I would say no, as the autocorrelation should obviously vary with the order of the subjects (which is random), but I wonder whether the durbinWatsonTest
in R involves a bootstrapping of the data, where order of the bootstrapping data is shuffled each time, and then perhaps an average autocorrelation is computed over the bootstrapping samples (but then again, shouldn't this average autocorrelation be zero for randomly sampled data?). On the other hand, the value of the statistics seems to be quite stable over multiple runs of the function, so I am even more confused…
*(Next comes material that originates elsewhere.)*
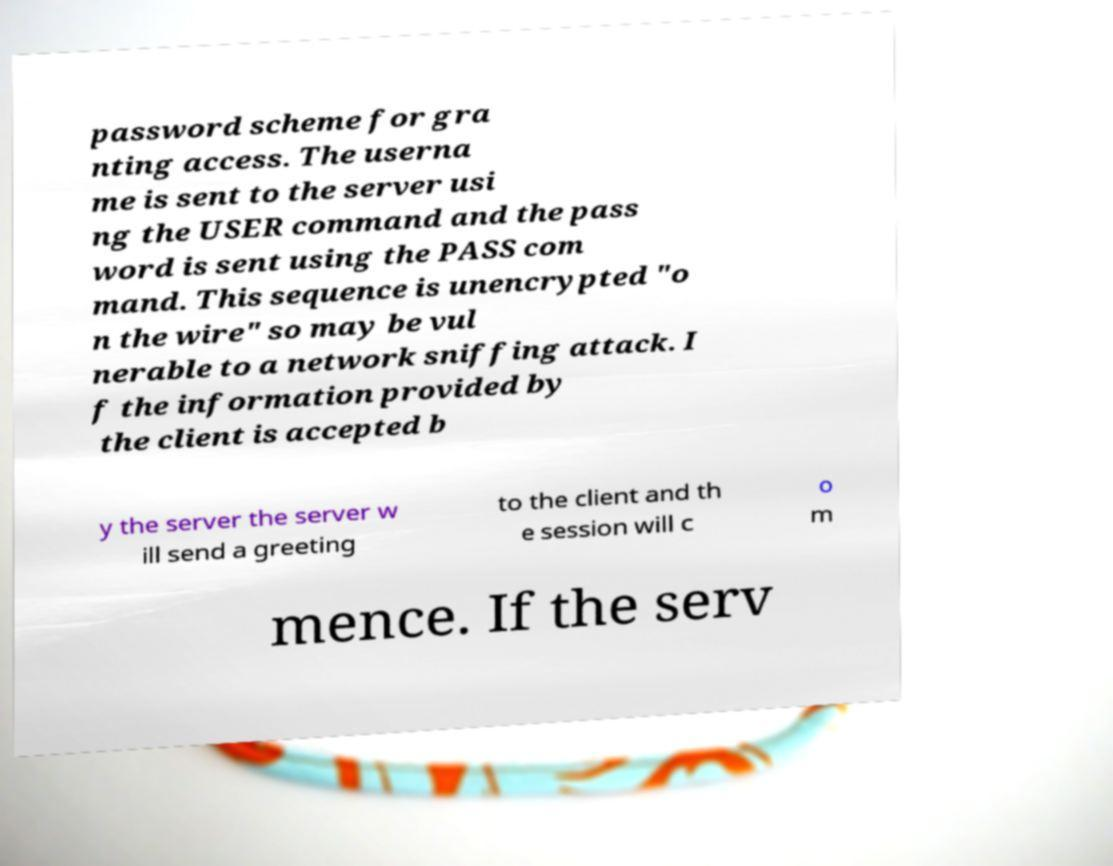Can you accurately transcribe the text from the provided image for me? password scheme for gra nting access. The userna me is sent to the server usi ng the USER command and the pass word is sent using the PASS com mand. This sequence is unencrypted "o n the wire" so may be vul nerable to a network sniffing attack. I f the information provided by the client is accepted b y the server the server w ill send a greeting to the client and th e session will c o m mence. If the serv

I came across it in Andy Field's book "Discovering Statistics with R", where it is used is an example with non-time series data, although in another, more recent book of the same author ("Adventures in Statistics") it does say that the test is applicable only to time series data.
Best Answer
Autocorrelation is only meaningful when the data is ordered, such as in time series that are naturally ordered along the time scale, or when the distance between the observations is meaningful, such as the case of spatial data. Edit: Another case where the distance between the observations is meaningful is highlighted by @whuber's comment: it may reflect the order in which the data were collected. There, presence of autocorrelation could reflect some peculiarities of the data-collection mechanism.
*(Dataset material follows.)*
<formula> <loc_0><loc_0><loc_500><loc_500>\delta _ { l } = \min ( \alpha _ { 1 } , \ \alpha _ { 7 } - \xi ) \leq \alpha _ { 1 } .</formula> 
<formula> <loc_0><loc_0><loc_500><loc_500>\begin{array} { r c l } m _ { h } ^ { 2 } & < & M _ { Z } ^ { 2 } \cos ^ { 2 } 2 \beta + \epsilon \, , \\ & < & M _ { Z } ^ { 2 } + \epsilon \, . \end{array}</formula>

Without that, autocorrelation is ill-defined. You can randomly permute the data without changing its information content. Therefore, the Durbin-Watson test becomes redundant. (Also, since each permutation of the data will produce a different Durbin-Watson statistic, the statistic is not even uniquely defined.)
If the measured autocorrelation is low for a particular ordering of the data, it may be that permuting the data randomly will not result in high autocorrelation. But try sorting the data by the size of the residuals in your regression and apply the test then. You will most likely find strong autocorrelation. If, on the other hand, you had strong autocorrelation to begin with, randomly reshuffling of the data could destroy it, and thus the test results would change perceptably.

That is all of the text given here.